I’m on Opensuse 11.2 and cuda version 3.0. Recently I got a “the launch timed out and was terminated” error when calling kernel function. This only happens when I run the program on large data volume. I keep the number of threads in a block fixed (16x16), so the grid size will increase for large data. for grid size 489x489 there is no error, and if grid size reaches 569x569 the error occurred. A few things I noticed:
– I did not use shared memory. If I use larger data set, I’ll need more global memory and larger grid size. I do not use other type of memory either (constant/texture memory).
– The number of threads in a block does not change, so I don’t think this is caused by not having enough registers (comments?)
– In the scenario when error happens, I only use 40M float point which equals to 40Mb x 4 = 160 Mb GPU memory. This should not be a problem because the GPU memory available is around 500Mb. Also run the code on a tesla cluster with 4G GPU memory, cuda 3.0 and get same error.
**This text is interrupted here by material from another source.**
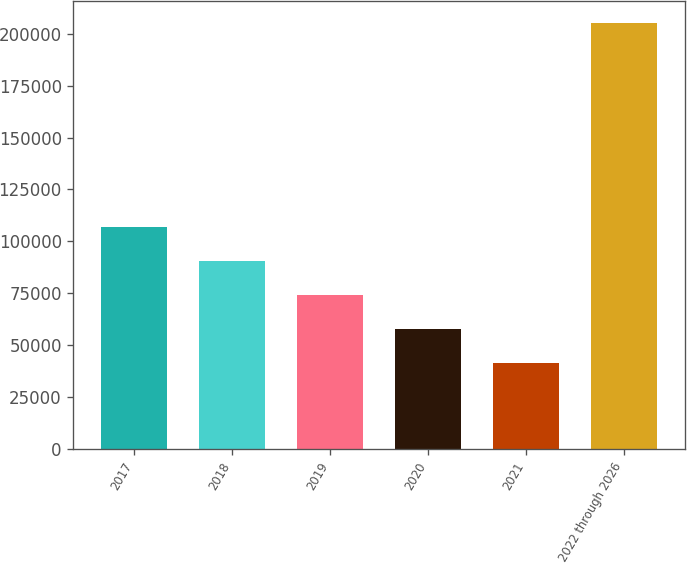Convert chart to OTSL. <chart><loc_0><loc_0><loc_500><loc_500><bar_chart><fcel>2017<fcel>2018<fcel>2019<fcel>2020<fcel>2021<fcel>2022 through 2026<nl><fcel>107028<fcel>90653<fcel>74278<fcel>57903<fcel>41528<fcel>205278<nl></chart>

– I only hear on Windows, the operating system has a watchdog, and it terminates kernel call if it exceeds ~5 seconds. But I’m on Linux and I don’t think there is such limitation.
– Compile the same code on another Opensuse 10.3 system with cuda version 2.1. Program runs without this error on same data size. That system has 1G GPU memory, but different GPU type.
– this error happens every time if I use larger data. So this is not randomly happened error.
Anyone has insight on this issue? Thanks in advance.